→ **DIRECTIONS FOR THIS TASK**: The answer should consist of the full listing below, repeated exactly and free of pictures.

* * * *

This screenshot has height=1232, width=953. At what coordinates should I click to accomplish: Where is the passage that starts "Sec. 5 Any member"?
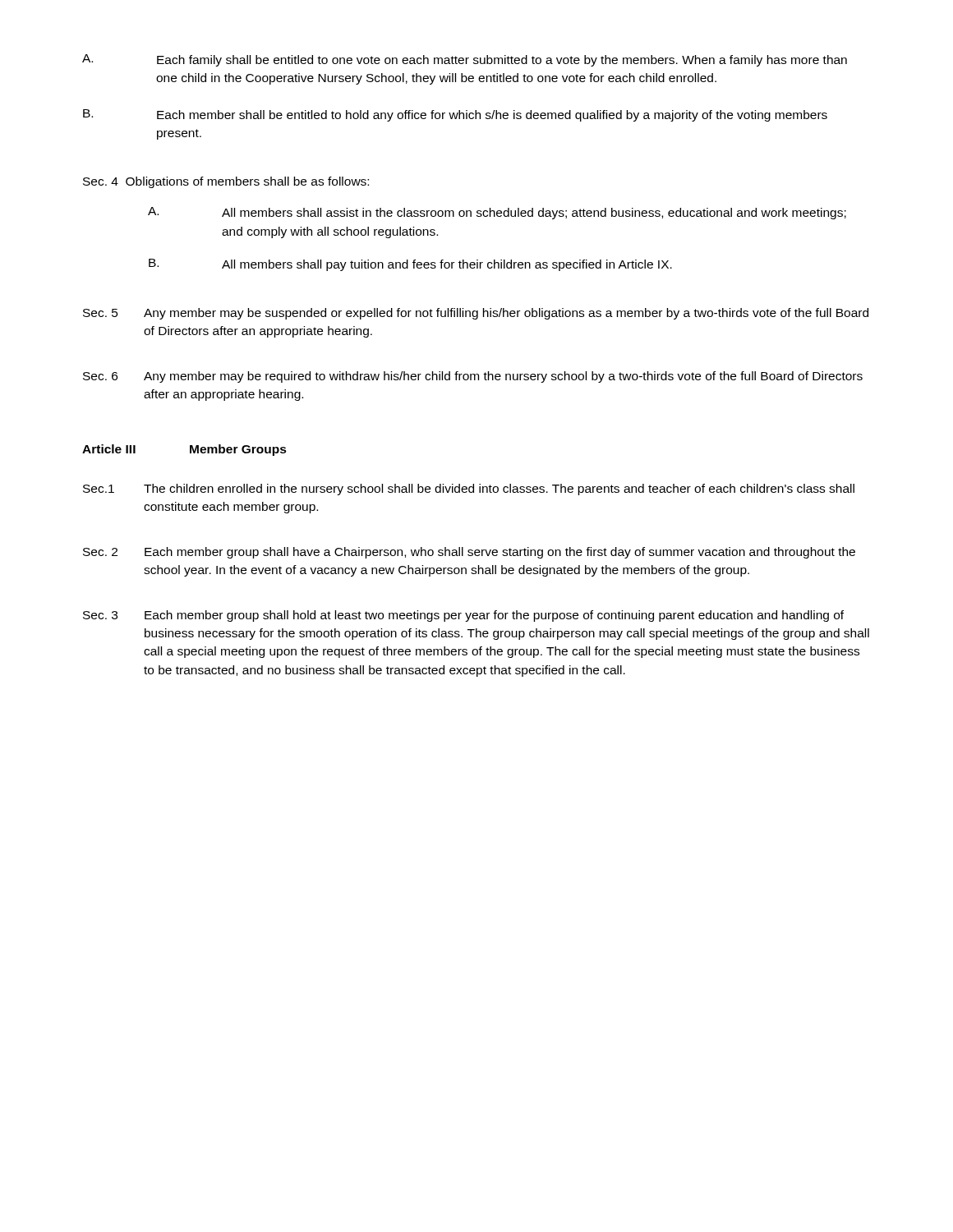click(x=476, y=322)
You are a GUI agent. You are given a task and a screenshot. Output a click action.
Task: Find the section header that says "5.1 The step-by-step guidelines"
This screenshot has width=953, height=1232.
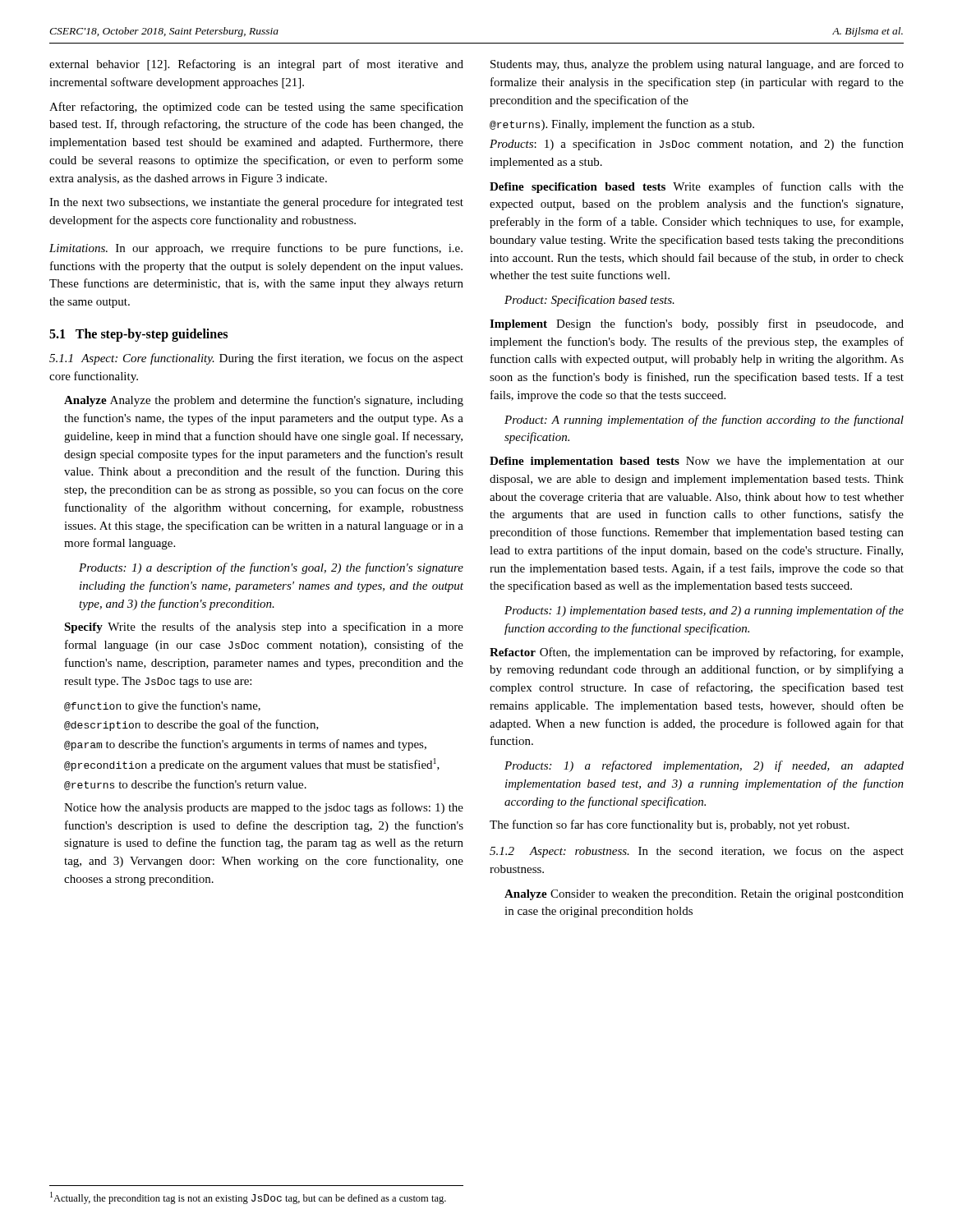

* * * *

→ **RESULT OF THE EXERCISE**:
This screenshot has height=1232, width=953. At what coordinates should I click to accomplish: Where is the passage that starts "Sec. 5 Any member"?
click(x=476, y=322)
You are a GUI agent. You are given a task and a screenshot. Output a click action.
Task: Find the section header that says "5.1 The step-by-step guidelines"
This screenshot has width=953, height=1232.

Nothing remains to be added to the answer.